This work addresses the lack of systematic evaluation of embodied agents’ causal reasoning capabilities through continuous interaction in partially observable environments. To this end, we introduce the COIN benchmark, which features COIN-50—a novel embodied task suite comprising 50 everyday interactive tasks—and incorporates hierarchical structures, COIN-Primitive and COIN-Composition, to support multi-level reasoning. Leveraging a low-cost mobile AR teleoperation system, we collect demonstration data and establish baseline systems using behavior cloning, CodeAsPolicy, and vision-language-action (VLA) models. We further propose an evaluation framework that measures execution stability and generalization robustness. Experimental results reveal a significant gap between current methods’ visual understanding and action execution, particularly in multi-step causal reasoning tasks, and provide fine-grained attribution analysis to elucidate failure modes.

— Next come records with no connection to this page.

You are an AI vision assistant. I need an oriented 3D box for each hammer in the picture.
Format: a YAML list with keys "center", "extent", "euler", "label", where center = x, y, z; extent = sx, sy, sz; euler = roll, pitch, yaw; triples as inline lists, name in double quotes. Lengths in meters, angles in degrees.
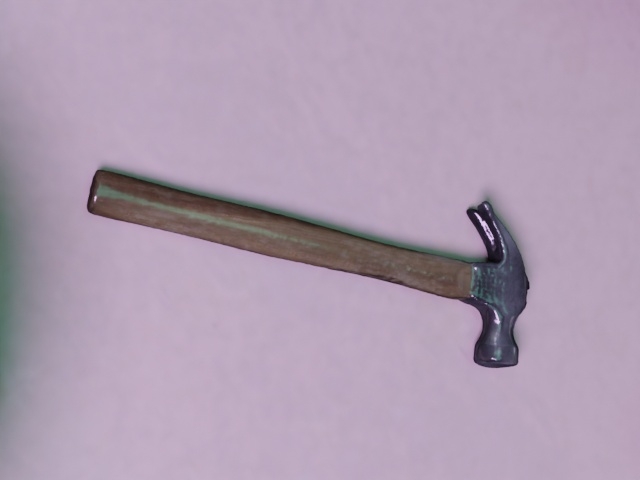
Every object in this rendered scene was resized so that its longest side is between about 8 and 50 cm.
- center: [0.000, 0.000, 0.619]
  extent: [0.182, 0.017, 0.062]
  euler: [15, 76, -22]
  label: "hammer"
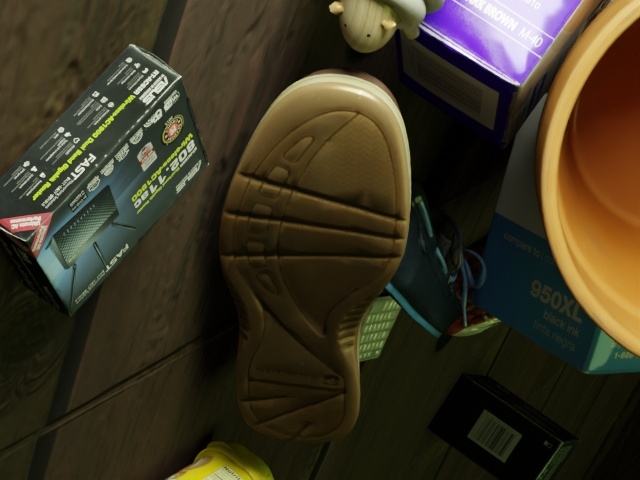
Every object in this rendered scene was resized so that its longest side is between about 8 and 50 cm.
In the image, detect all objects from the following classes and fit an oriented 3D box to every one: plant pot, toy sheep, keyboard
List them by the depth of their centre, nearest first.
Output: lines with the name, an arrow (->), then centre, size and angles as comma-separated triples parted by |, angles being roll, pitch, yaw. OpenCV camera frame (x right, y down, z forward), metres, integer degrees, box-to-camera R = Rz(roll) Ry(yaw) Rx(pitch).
toy sheep -> 0.048, -0.174, 0.814 | 0.132, 0.091, 0.091 | -69, 161, -7
plant pot -> 0.286, -0.069, 0.956 | 0.291, 0.291, 0.203 | -62, -172, 15
keyboard -> 0.018, 0.085, 1.235 | 0.072, 0.014, 0.256 | -61, 160, 13

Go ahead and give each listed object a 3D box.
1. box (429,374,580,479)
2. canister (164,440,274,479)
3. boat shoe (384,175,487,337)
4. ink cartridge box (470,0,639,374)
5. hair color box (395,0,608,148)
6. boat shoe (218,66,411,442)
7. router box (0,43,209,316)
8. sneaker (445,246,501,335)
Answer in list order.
box -> 0.248, 0.260, 1.812 | 0.093, 0.156, 0.158 | -57, 160, 5
canister -> -0.122, 0.245, 1.077 | 0.170, 0.073, 0.126 | -24, 143, -53
boat shoe -> 0.092, 0.018, 1.161 | 0.089, 0.109, 0.258 | -45, 162, 0
ink cartridge box -> 0.331, -0.095, 1.198 | 0.285, 0.166, 0.395 | 1, 110, -34
hair color box -> 0.189, -0.243, 0.950 | 0.339, 0.110, 0.185 | -56, 171, -4
boat shoe -> 0.000, 0.000, 0.960 | 0.342, 0.123, 0.123 | 93, 6, -45
router box -> -0.117, -0.030, 0.721 | 0.122, 0.038, 0.092 | -49, 159, -18
sneaker -> 0.192, 0.056, 1.478 | 0.225, 0.088, 0.092 | -30, 149, -50

Generalist embodied agents must perform interactive, causally-dependent reasoning, continually interacting with the environment, acquiring information, and updating plans to solve long-horizon tasks before they could be adopted in real-life scenarios. For instance, retrieving an apple from a cabinet may require opening multiple doors and drawers before the apple becomes visible and reachable, demanding sequential interaction under partial observability. However, existing benchmarks fail to systematically evaluate this essential capability. We introduce COIN, a benchmark designed to assess interactive reasoning in realistic robotic manipulation through three key contributions. First, we construct COIN-50: 50 interactive tasks in daily scenarios, and create COIN-Primitive required by causally-dependent tasks, and COIN-Composition with mid-term complexity for skill learning and generalization evaluation. Second, we develop a low-cost mobile AR teleoperation system and collect the COIN-Primitive Dataset with 50 demonstrations per primitive task (1,000 in total). Third, we develop systematic evaluation metrics about execution stability and generalization robustness to evaluate CodeAsPolicy, VLA, and language-conditioned H-VLA approaches. Our comprehensive evaluation reveals critical limitations in current methods: models struggle with interactive reasoning tasks due to significant gaps between visual understanding and motor execution. We provide fine-grained analysis of these limitations.